In 2010, Plaintiff Rick McConnell began serving a sentence for a New Mexico state court
conviction at the Lea County Correctional Facility in Hobbs, NM. [Doc. 42-1, p. 2] Plaintiff later
served a portion of his sentence, from April 13, 2011 to December 15, 2011, at the Central New
Mexico Correctional Facility (CNMCF) in Los Lunas, NM. [Doc. 41-1, p. 1] On November 6,
2014, McConnell filed a petition for writ of habeas corpus in state court challenging the
conditions of his confinement, which was granted on November 17, 2014. [Doc. 42-1] The state
district court concluded that McConnell could not receive necessary and proper medical
treatment while in state custody and that the conditions of his confinement up to that point
constituted cruel and unusual punishment, in violation of the state and federal constitutions.

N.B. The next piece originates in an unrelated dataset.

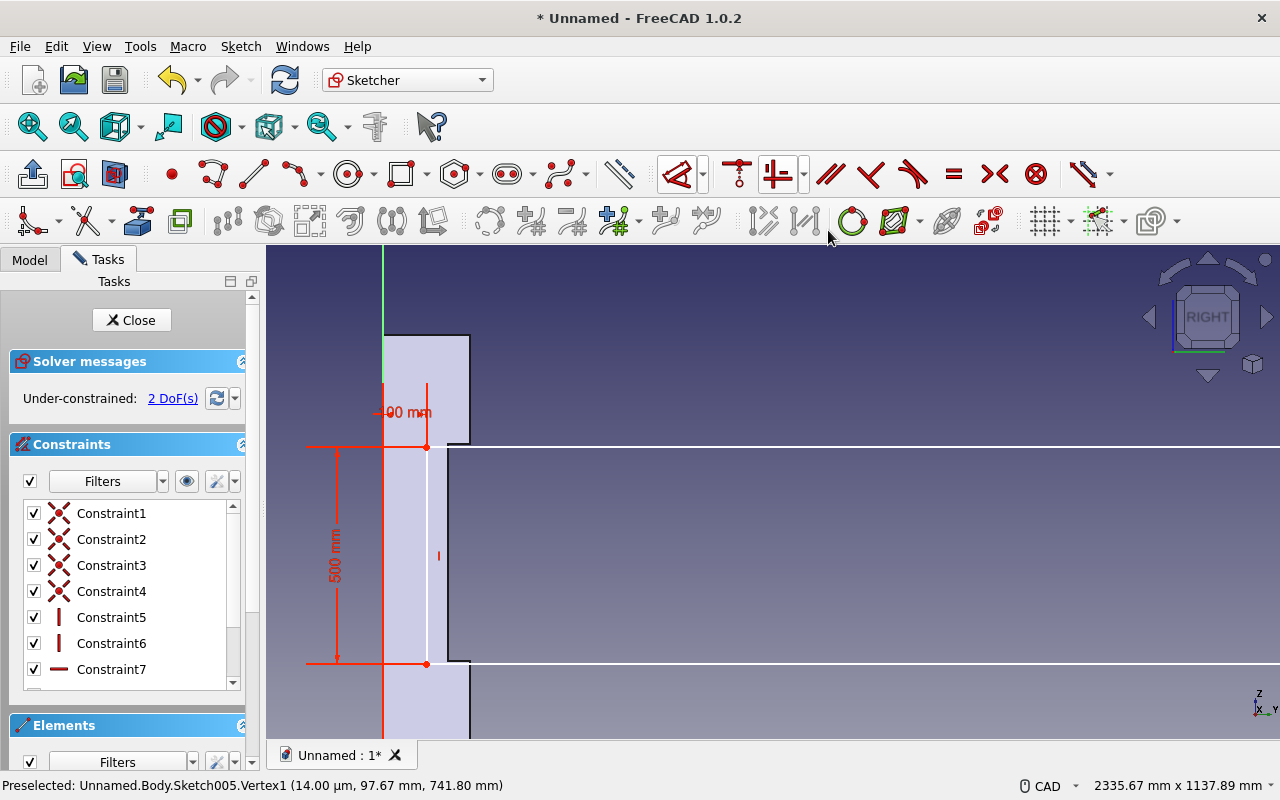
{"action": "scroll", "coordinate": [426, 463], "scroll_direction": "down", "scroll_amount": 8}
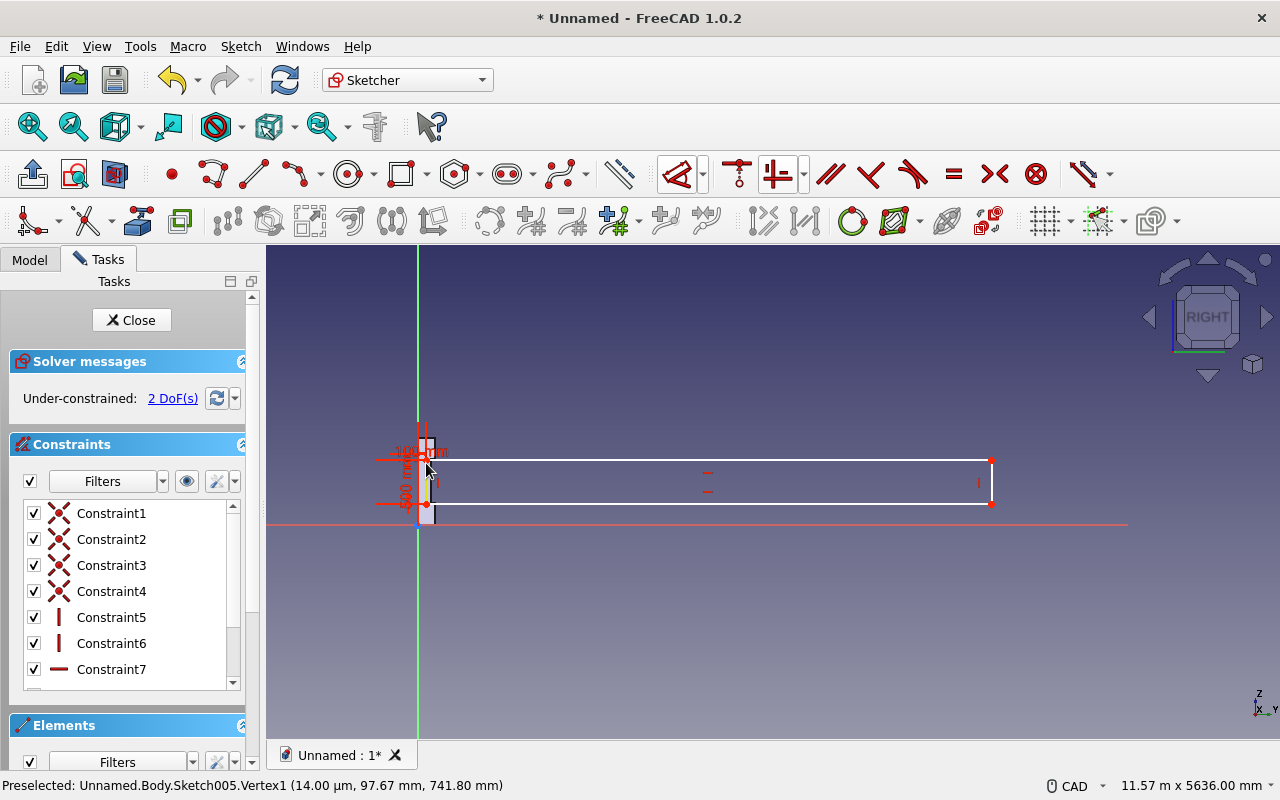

[Doc. 42-1, p. 5] The state district court modified McConnell’s prison sentence to time served,
followed by parole and probation. [Doc. 42-1, pp. 4-5]
On July 30, 2015, Plaintiff initiated this lawsuit, pursuant to 42 U.S.C. § 1983 (1979),
alleging that the conditions of his incarceration constituted cruel and unusual punishment and
violated his constitutional rights. [Doc. 1-1] As a result of a workplace injury that occurred prior
to his conviction, Plaintiff underwent multiple surgeries and eventually had his left leg
amputated up to just below his knee. [Doc. 1-1, pp. 6-7] Plaintiff’s doctors prescribed a
prosthetic leg, which was completed on September 13, 2011, while Plaintiff was incarcerated at
CNMCF. [Doc 1-1, p. 8] The prosthesis did not fit properly, so Plaintiff did not use it and instead
relied on crutches to get around the facility. [Doc. 1-1, p. 8] However, prison staff often took
Plaintiff’s crutches away, leaving him without assistance, and forcing him to hop around on one
leg. [Id.] Plaintiff alleges that the prison staff failed to provide medical care and proper
prosthetic treatment for his amputated leg, subjected him to painful, humiliating, and dangerous
conditions by taking away his crutches, and wrongfully subjecting him to segregation following
transport for a hearing and medical appointment. [Doc. 1-1, pp. 8-13]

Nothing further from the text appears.